"Polveriera" Marche, regione ad alta tensione. Da Traini in poi una scia di aggressioni

Don Albanesi: "Una società chiusa". Il governatore Acquaroli: "Noi solidali"

"Polveriera" Marche, regione ad alta tensione. Da Traini in poi una scia di aggressioni

Poche ore dopo l'uccisione di Alika Ogorchukwu, massacrato per futili motivi dal 32enne italiano Filippo Claudio Giuseppe Ferlazzo, un'altra brutale aggressione, un tentato omicidio. Ancora nelle Marche. Ancora per futili motivi.

A Recanati, provincia di Macerata, un 22enne nato in città ma di origini marocchine è stato accoltellato da un operaio italiano di 47 anni. Il giovane, ricoverato in prognosi riservata all'ospedale regionale di Torrette, è scampato alla furia dell'uomo grazie all'intervento del titolare di un bar che ha assistito alla scena. L'una di notte circa: alcuni ragazzi stavano festeggiando la chiusura di un campus scolastico, quando l'operaio ha intimato loro di spostarsi per la confusione. I giovani si sono spostati ma lui li ha seguiti, continuando a litigare. Poi ha tirato fuori un coltello e ha colpito il 22enne al torace e alla schiena, mentre gli altri cercavano invano di bloccarlo. È intervenuto il gestore di un locale che ha sentito le urla del giovane ed è riuscito a sottrarlo ad altri fendenti. Il 47enne, Omar P., è stato fermato e portato al carcere di Montacuto, in attesa dell'udienza di convalida dell'arresto. L'accusa è tentato omicidio aggravato da futili motivi e porto abusivo di arma da taglio. Nello stesso penitenziario è recluso anche l'omicida dell'ambulante nigeriano Alika Ogorchukwu.

Gesti efferati che scuotono la comunità marchigiana, che in queste ore ricorda i precedenti sul territorio. Emmanuel Chibi Namdi, nigeriano, aveva 36 anni quando nel 2016 ha perso la vita a Fermo, dopo una colluttazione con un ultrà della Fermana che aveva insultato la sua compagna. È morto mentre difendeva la donna dagli insulti razzisti di Amedeo Mancini, che ha patteggiato una condanna a 4 anni per omicidio preterintenzionale da scontare ai domiciliari.

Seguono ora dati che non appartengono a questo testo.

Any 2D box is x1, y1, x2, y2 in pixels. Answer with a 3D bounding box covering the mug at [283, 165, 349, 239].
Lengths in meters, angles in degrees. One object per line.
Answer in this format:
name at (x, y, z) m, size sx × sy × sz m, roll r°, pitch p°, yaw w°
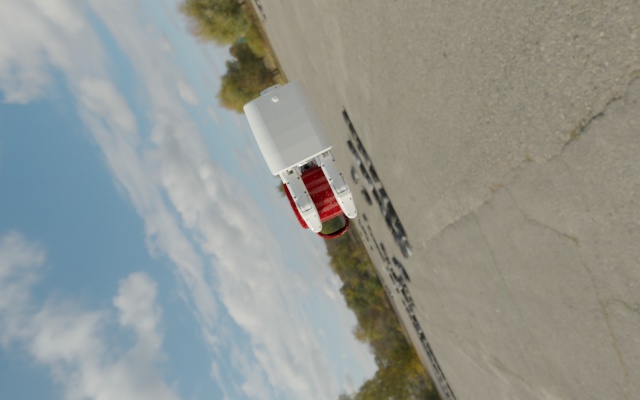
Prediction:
mug at (0.001, 0.004, 0.725) m, size 0.081 × 0.117 × 0.093 m, roll -25°, pitch 5°, yaw 1°
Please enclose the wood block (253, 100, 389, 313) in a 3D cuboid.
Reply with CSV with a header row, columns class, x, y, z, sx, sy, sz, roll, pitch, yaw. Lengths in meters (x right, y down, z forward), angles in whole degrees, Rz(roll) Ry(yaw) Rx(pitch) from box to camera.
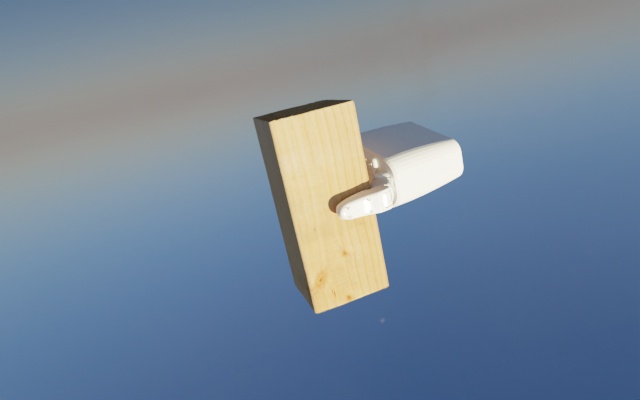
class,x,y,z,sx,sy,sz,roll,pitch,yaw
wood block,0.001,0.002,0.523,0.090,0.206,0.091,-17,16,-15
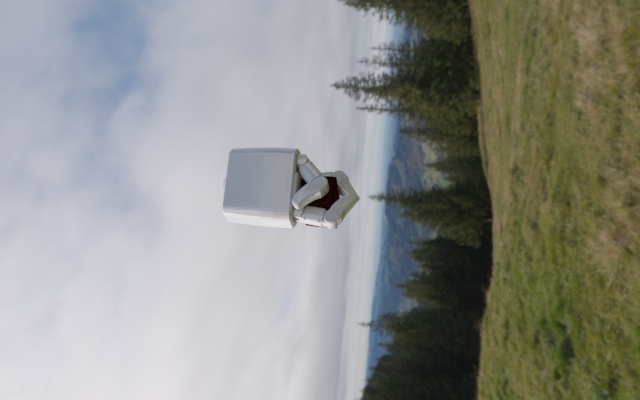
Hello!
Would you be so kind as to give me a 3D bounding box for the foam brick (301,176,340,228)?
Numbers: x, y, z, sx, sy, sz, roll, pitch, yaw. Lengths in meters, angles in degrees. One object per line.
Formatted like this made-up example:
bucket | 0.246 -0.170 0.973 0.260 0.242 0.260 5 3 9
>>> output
foam brick | 0.000 0.003 0.736 0.051 0.053 0.078 3 -28 10
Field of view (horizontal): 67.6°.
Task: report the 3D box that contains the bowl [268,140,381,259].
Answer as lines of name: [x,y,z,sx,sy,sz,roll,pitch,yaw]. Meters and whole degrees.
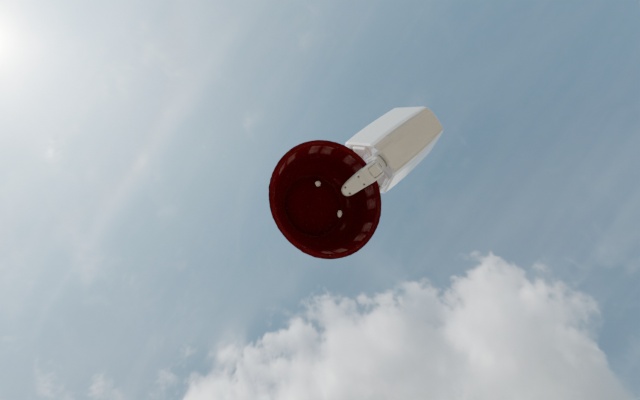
bowl: [-0.001,0.003,0.652,0.162,0.162,0.055,0,-12,-23]
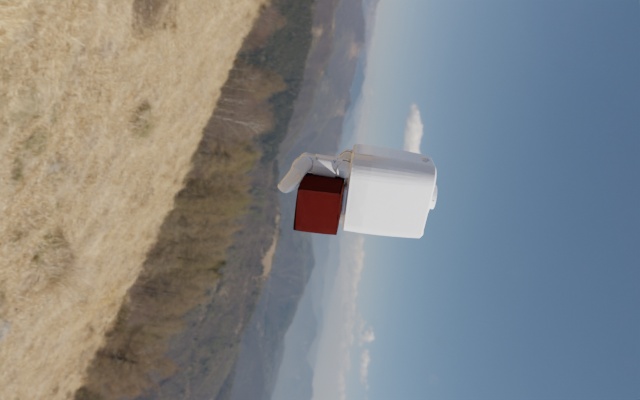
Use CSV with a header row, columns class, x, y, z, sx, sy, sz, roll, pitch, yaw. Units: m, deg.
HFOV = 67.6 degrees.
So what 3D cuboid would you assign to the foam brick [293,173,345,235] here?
class,x,y,z,sx,sy,sz,roll,pitch,yaw
foam brick,0.000,0.002,0.578,0.051,0.053,0.078,8,19,4
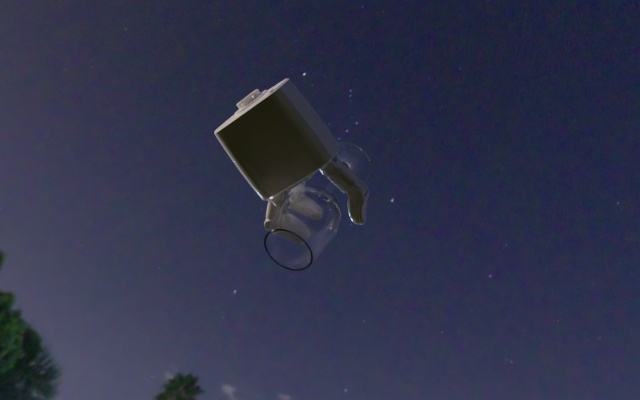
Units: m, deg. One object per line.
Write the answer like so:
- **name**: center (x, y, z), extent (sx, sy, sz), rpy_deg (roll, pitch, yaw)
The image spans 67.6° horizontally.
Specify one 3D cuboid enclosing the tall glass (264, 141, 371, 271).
- **tall glass**: center (0.000, 0.002, 0.619), extent (0.079, 0.079, 0.201), rpy_deg (0, 34, 27)
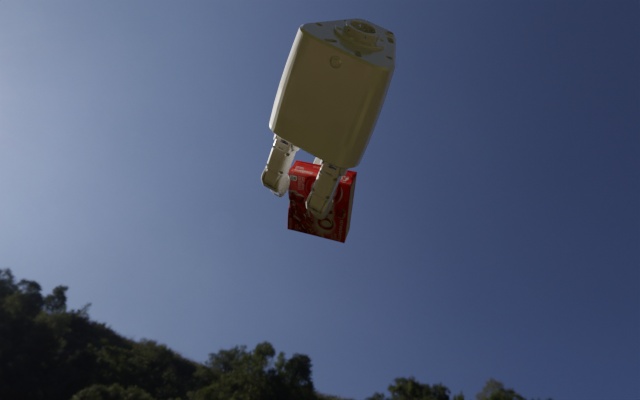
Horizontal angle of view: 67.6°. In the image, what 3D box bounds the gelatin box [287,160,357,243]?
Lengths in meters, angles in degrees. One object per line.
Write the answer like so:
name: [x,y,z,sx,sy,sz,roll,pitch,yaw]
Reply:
gelatin box: [0.000,0.002,0.557,0.073,0.089,0.030,13,39,11]
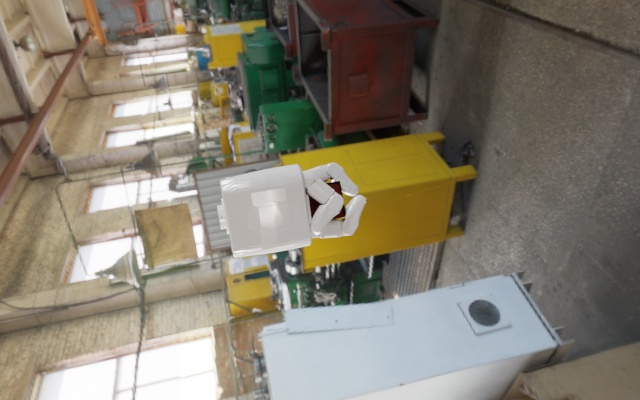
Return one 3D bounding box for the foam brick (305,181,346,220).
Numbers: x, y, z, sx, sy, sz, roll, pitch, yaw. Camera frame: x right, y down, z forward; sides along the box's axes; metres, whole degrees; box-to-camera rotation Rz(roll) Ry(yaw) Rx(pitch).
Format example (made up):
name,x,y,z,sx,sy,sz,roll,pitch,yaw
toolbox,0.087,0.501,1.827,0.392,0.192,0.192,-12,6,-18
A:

Emmanuel lo aveva aggredito e Mancini aveva reagito con un pugno: il 36enne era finito a terra, battendo la testa sull'orlo del marciapiede. Il giudice ha riconosciuto l'attenuante della provocazione, ma anche l'aggravante dell'odio razziale. La stessa attribuita anche alla folle furia di Luca Traini, oggi 33 anni. Il 3 febbraio 2018, a Macerata, era salito in macchina e aveva iniziato a sparare a caso alle persone di colore che incontrava sulla sua strada, ferendo sei migranti. Aveva dichiarato di volere così vendicare la 18enne Pamela Mastropietro, la giovane uccisa e fatta a pezzi da un pusher nigeriano. Traini è stato condannato a 12 anni di carcere per strage e porto abusivo d'arma.

Si parla già di un caso Marche, si cercano ragioni e condizioni che possano aver alimentato in questo anni l'odio e l'intolleranza. Ma secondo monsignor Vinicio Albanesi, fondatore della comunità di Capidarco, che ha assistito Emmanuel e altri richiedenti asilo, le Marche non sono razziste, quanto invece «una società chiusa, familista, che non accetta l'estraneo».

Il governatore Francesco Acquaroli intende far costituire la Regione parte civile nel processo per la morte di Alika «per difendere l'identità, i valori e l'immagine dei marchigiani e delle Marche. Siamo da sempre una comunità solidale, inclusiva e vogliamo rimanere tale, con l'impegno di tutti».